I put up a new main and two new .exe files. Here are the results when I create a context using GLUT:

Zeno: 10.2 Million mults/sec
Knackered: 12.0 Million mults/sec
OGL: 1.7 Million mults/sec

Sorry for all the mistakes here guys At least we’re getting at the truth.

– Zeno

Then why am I getting this drop in frame rate, if my method is the fastest? I’ve told you the whole story, there’s nothing more I can add…the mult is inline’d too

Very interesting thread.

Knackered: Is it possible you’re getting a processor stall due to a write-read pairing? Try dropping a /small/ operation or two in between the MatMult and glLoadMatrix calls.

I’ve never run into a clear case of a dependant read stall, so I have no idea if this is what’s actually slowing you down.

Depends on what ASM the compiler is generating, I guess.

I might play with this today. It’s a very curious problem. 8)
– Jeff

Edit: I found the spaced version to be slightly slower than the tightly executed version.
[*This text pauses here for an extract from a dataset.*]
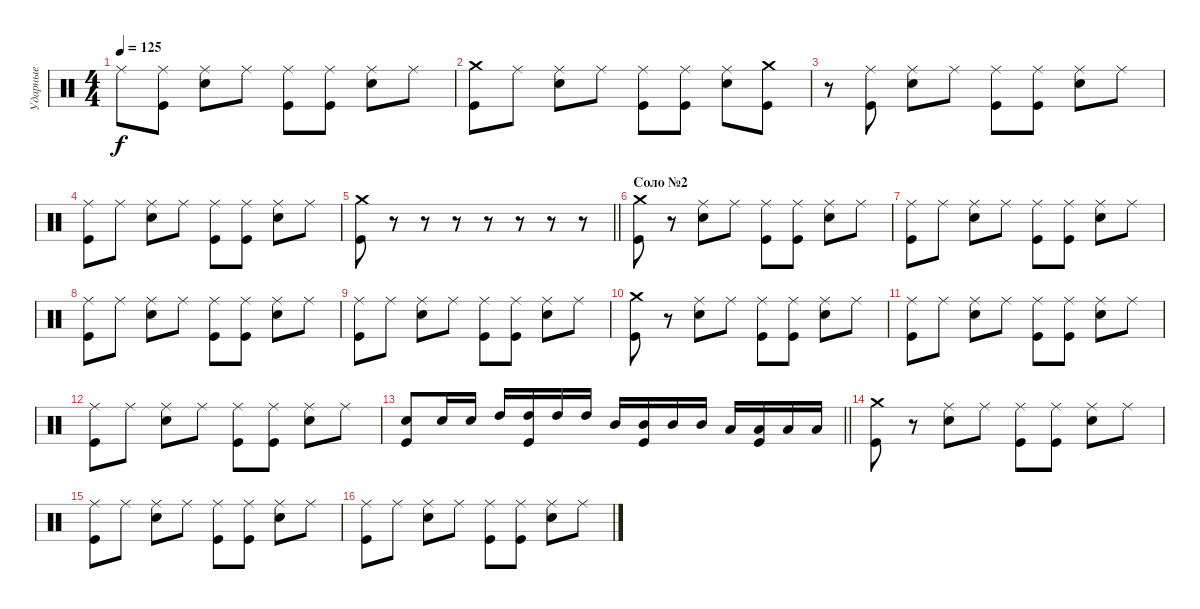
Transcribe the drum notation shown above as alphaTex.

My bench (quick&dirty) also shows Knackered’s code outperforming the OpenGL version, at 150% of the OpenGL speed (nVidia’s 28.32 detonators on a GF2MX).

[This message has been edited by Thaellin (edited 04-30-2002).]

Zeno no offense but your benchmark is a little unfair.

I noticed a few things that are worth mentioning.

1.) The custom benchmarks dont upload the results to OpenGL.

2.) The custom benchmarks always work on the same matricies making them L1 cache local after the first call (ok an interrupt or an process context change will kick them out once in a while)

3.) The OpenGL version reads the results back (most likley over the AGP bus) Why?

4.) glLoadMatrixf and glMultMatrixf are making copies of the data so it is unlikley to get L1 cache hits for succesive calls.

Since I know its alot easier to criticise someone else work than doing it better, I’ll put a new bechmark together when I get home.

Regards,

LG

Zeno no offense but your benchmark is a little unfair.

None taken. Benchmarks are difficult to make fair and I don’t really have any experience.

  1. That’s true. I forgot that the idea was to eventually give these matrices to opengl, not just get the answer.

  2. Yes, that, actually, was on purpose. I wanted them to be in cache so I could see which one was more efficient without worrying as much about memory issues.

  3. The opengl one reads results back for the same reason as I mentioned in number 1). For whatever reason, I had it in my head that we wanted the answer on the CPU.

  4. True…but there’s no way around this, is there? I guess I could load once, then push and pop and mult many times.

Anyway, thanks for the comments. Feel free to use my timer code if you put a benchmark together. I think that part is right at least

– Zeno

Okidoki I wrote a new benchmark that works on uncached data and uploads the resulting matricies to OpenGL.

On a 1.5Ghz P4 running W2K & latest Detonators I get the following (using the MS compiler):

Zenos: 1.92 Million iterations/s
Knackered: 1.31 Million iterations/s
OpenGL: 1.95 Million iterations/s

Looks different eh?

Knackered maybe you have Vsync enabled and the extra cycles make you miss the next retrace? I mean 16ms is really a bummer and I dont think that the matrix code alone can cause that (and 16ms smell like 60Hz refreshrate).

Oh you can grab the benchmark & source here

EDIT:Fixed the URL

Regards,

LG

[This message has been edited by lgrosshennig (edited 05-01-2002).]